TL:DR – at least one person (twitter user @/GoodyBarwicke) maliciously edited my Fanlore page in August 2021 – I didn’t go to check because no one ever updated it, but once I saw it yesterday, I got extremely upset. That user used Fail Fandom Anon users and people who have been harassing me for years over their love of racism in fandom as “sources” to essentially fill my Fanlore page with a trumped up “Controversies” section that has no basis in truth, lies fully about my behavior, and doesn’t even engage with stuff I have actually addressed even before the “racists in fandom have been harassing me for years and escalated starting in 2019” shit.
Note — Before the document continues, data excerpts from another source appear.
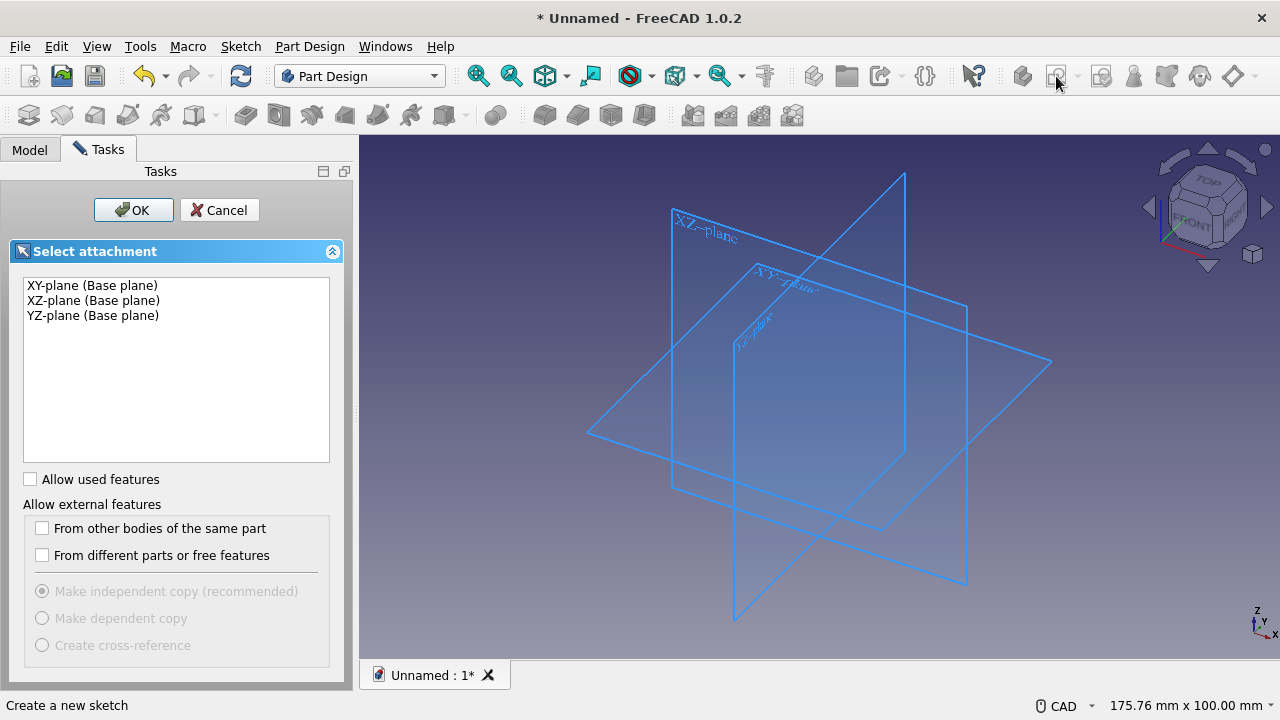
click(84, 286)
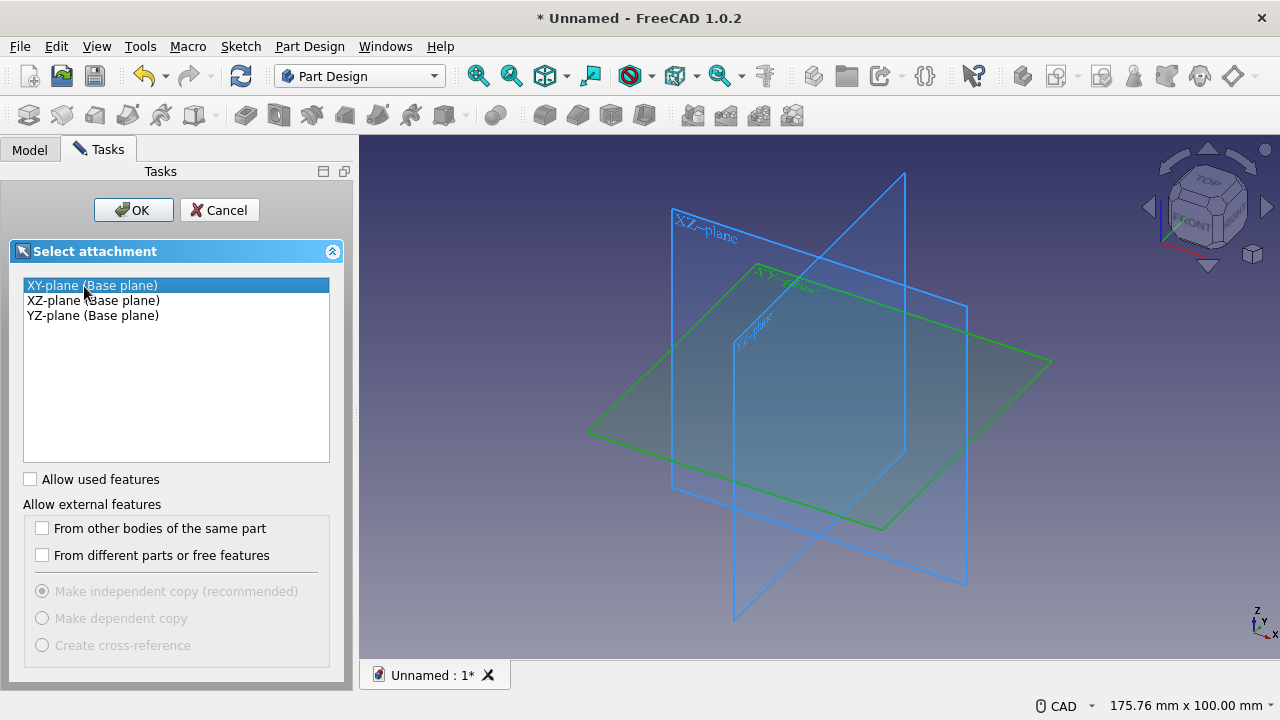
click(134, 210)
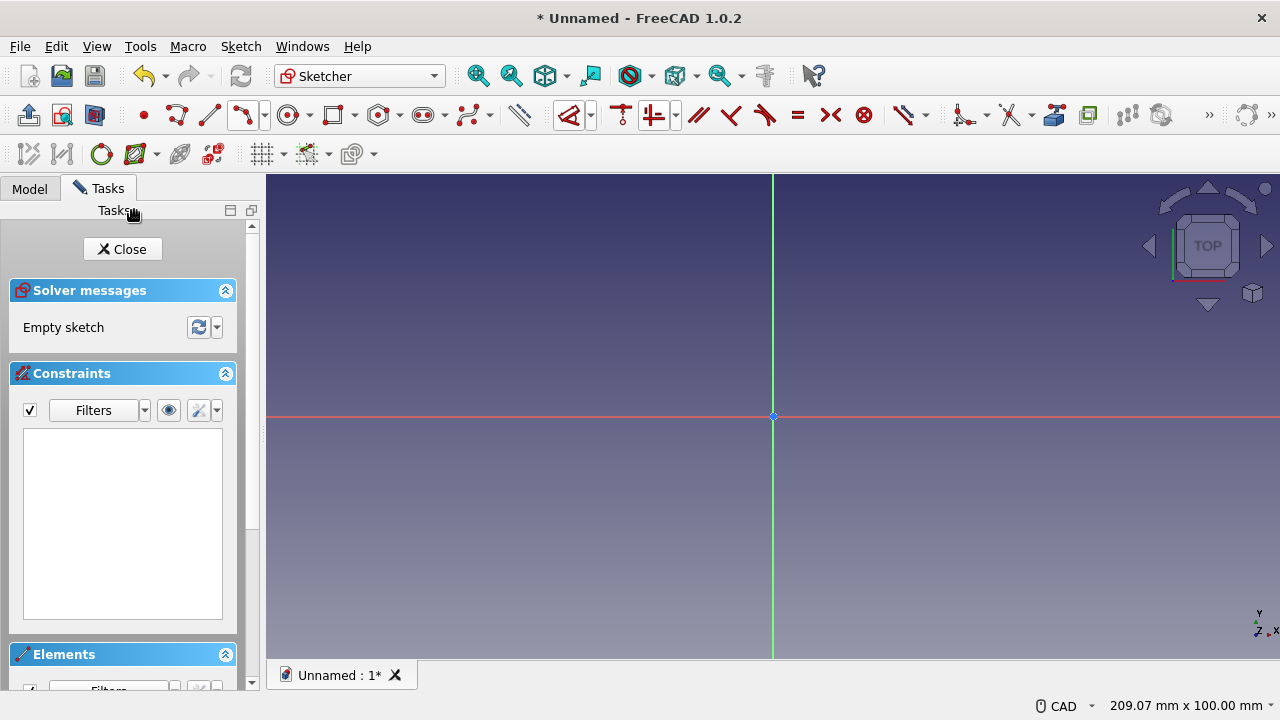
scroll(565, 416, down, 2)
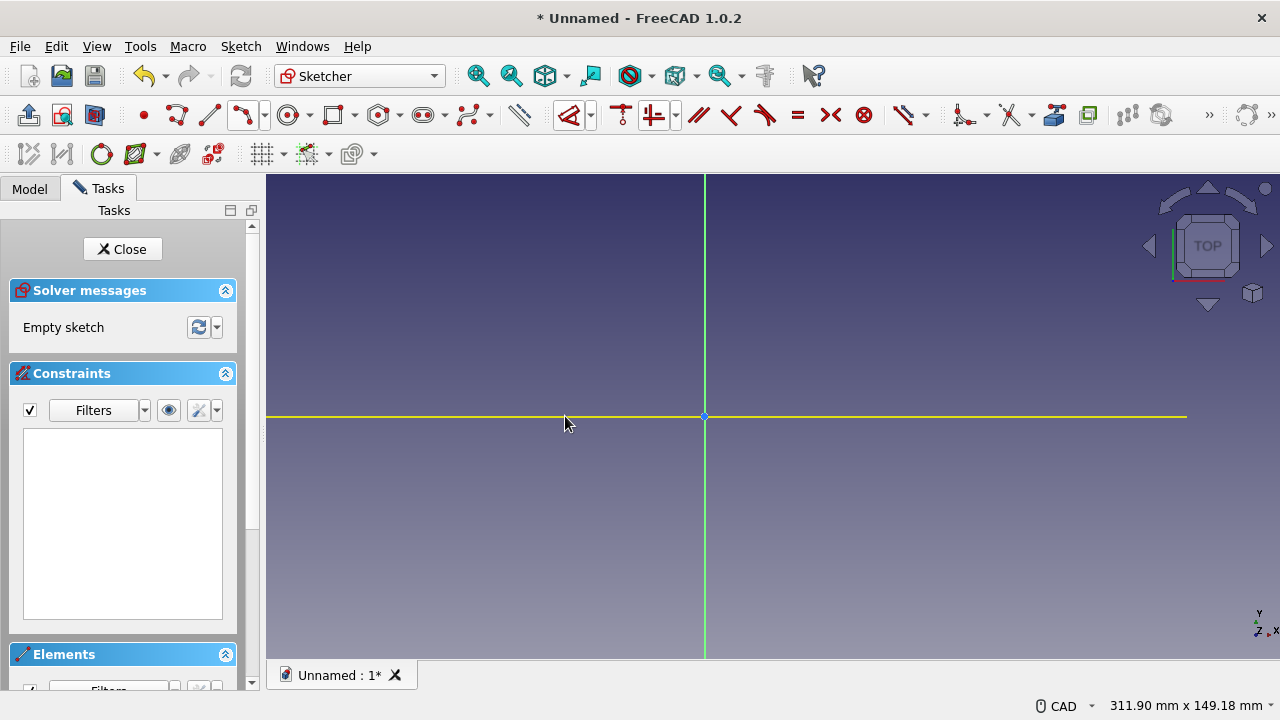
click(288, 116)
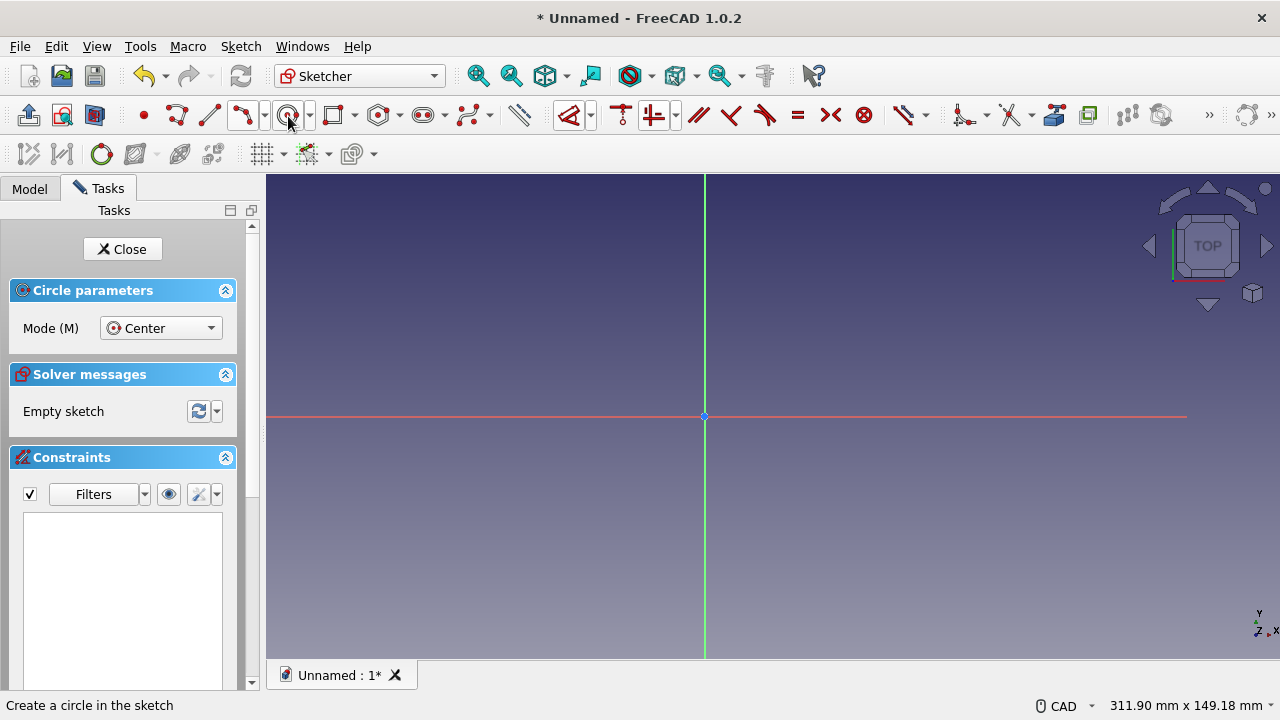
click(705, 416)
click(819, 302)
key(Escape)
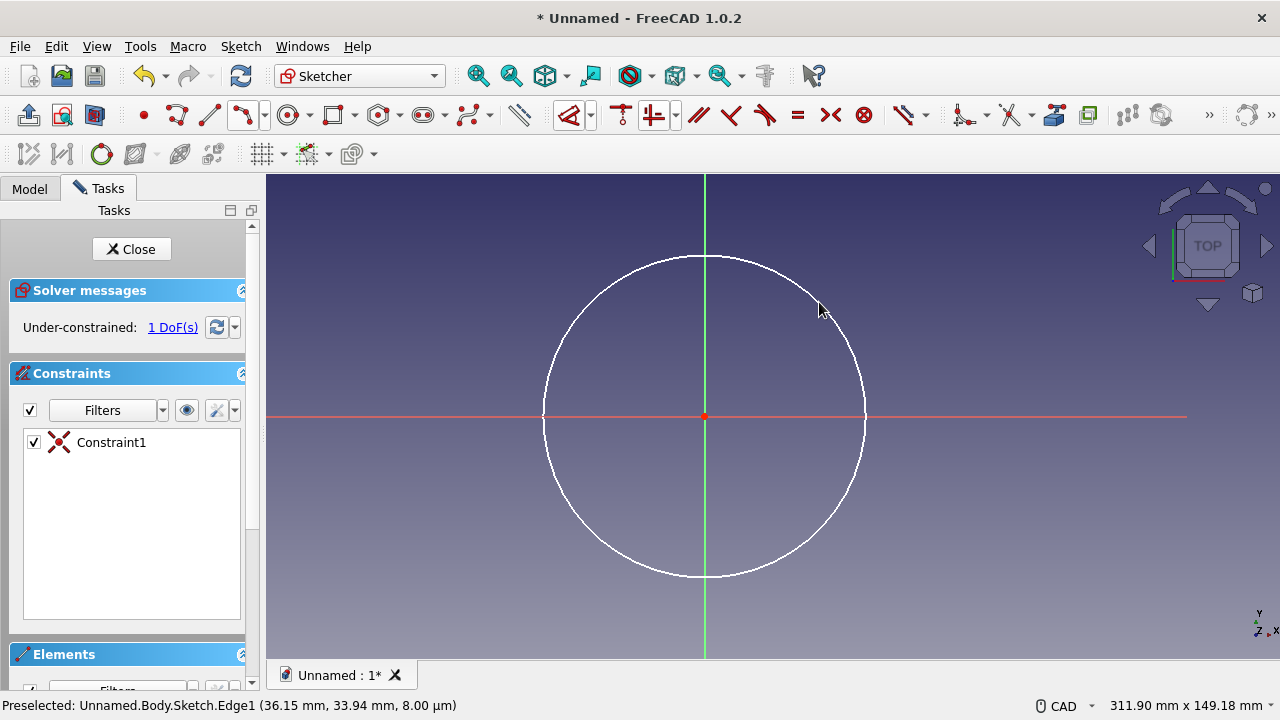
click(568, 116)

So far I haven’t heard back from anyone associated with Fanlore but the article is in edits of some sort but I can’t check because I am violently ill every time I think about this and I just managed to eat for the first time since last night. As far as I know, the user who put the changes in originally is still doing their best to argue that their biased inclusion of hateful anons and reylo shippers who’ve spent years harassing me is relevant – more so than my work, interviews I’ve done, my whole thing about vore, omegaverse, and namjoon – separately of course.

Edited 9:00PM – The Fanlore Admin Team just got back to me. They’ve found that the piece contravened their “Plural Point of View” policy and are reviewing and researching to ensure the page will be balanced. I’m hopeful that they look to people actually talking about what I do, people who like my work or learn from it – even if we don’t see eye to eye 100% (we don’t even need to), and that balance should extend to more than just who I piss off by doing my own shit.


From here

Almost every “reference” link on my @Fanlore_wiki page is a Fail Fandom Anon link and the entire “Controversy” section is misrepresenting what I do/what I write without any recognition of the multi-year harassment campaign I’ve been dealing with (fanlore.org/wiki/Stitch)

Like none of this is true? Not only have I specifically said what could be done at the bottom of this post from SEPTEMBER (stitchmediamix.com/2021/09/08/whe…) but that “stitch advocates for harassment” tweet isn’t even doing what they say and is taken out of its context?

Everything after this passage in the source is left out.